Record set
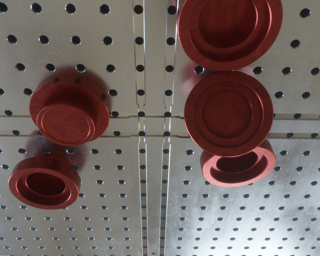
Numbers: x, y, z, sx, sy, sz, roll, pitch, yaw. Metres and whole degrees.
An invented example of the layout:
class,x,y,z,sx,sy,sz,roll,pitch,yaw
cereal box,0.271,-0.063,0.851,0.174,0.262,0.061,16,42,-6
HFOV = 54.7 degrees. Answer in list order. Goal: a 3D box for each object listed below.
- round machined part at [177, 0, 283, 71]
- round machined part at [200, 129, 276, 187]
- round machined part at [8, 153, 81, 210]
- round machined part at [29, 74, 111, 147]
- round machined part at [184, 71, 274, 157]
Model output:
class,x,y,z,sx,sy,sz,roll,pitch,yaw
round machined part,0.066,-0.109,0.308,0.099,0.042,0.097,-1,130,0
round machined part,0.104,0.038,0.429,0.099,0.042,0.097,-3,138,-2
round machined part,-0.168,0.076,0.463,0.099,0.042,0.097,-1,130,0
round machined part,-0.113,-0.015,0.386,0.099,0.042,0.097,-1,130,0
round machined part,0.079,-0.017,0.367,0.098,0.042,0.097,0,93,9

Task item
Output each line of the listing in which the string "degrees" is found.

Exercise answer
Numbers: x, y, z, sx, sy, sz, roll, pitch, yaw. Metres and whole degrees.
HFOV = 54.7 degrees. Answer in list order. Goal: a 3D box for each object listed below.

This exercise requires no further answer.